Task to carry out:
Reproduce nothing but the closing run of lines: the line with "Which 3D bounding box fits the headset" and each line that follows it to the end of the data.

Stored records

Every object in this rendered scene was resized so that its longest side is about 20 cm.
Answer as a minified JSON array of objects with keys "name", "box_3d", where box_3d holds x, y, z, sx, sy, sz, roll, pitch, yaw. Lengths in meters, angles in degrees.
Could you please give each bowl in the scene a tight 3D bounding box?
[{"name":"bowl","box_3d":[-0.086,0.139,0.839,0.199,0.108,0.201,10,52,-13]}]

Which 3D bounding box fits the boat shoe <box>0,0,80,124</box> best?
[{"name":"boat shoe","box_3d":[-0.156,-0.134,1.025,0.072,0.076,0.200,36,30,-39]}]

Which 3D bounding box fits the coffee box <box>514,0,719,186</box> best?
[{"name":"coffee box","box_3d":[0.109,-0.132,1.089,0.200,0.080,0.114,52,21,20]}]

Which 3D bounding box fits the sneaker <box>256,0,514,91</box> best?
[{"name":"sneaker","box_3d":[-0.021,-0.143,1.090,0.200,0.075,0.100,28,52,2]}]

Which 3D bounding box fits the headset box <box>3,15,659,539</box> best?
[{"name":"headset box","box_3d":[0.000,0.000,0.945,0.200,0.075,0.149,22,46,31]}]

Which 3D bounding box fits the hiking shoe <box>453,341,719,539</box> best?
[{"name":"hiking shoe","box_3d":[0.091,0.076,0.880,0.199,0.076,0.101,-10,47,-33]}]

Result of the task:
Which 3D bounding box fits the headset box <box>3,15,659,539</box> best?
[{"name":"headset box","box_3d":[0.000,0.000,0.945,0.200,0.075,0.149,22,46,31]}]

Which 3D bounding box fits the hiking shoe <box>453,341,719,539</box> best?
[{"name":"hiking shoe","box_3d":[0.091,0.076,0.880,0.199,0.076,0.101,-10,47,-33]}]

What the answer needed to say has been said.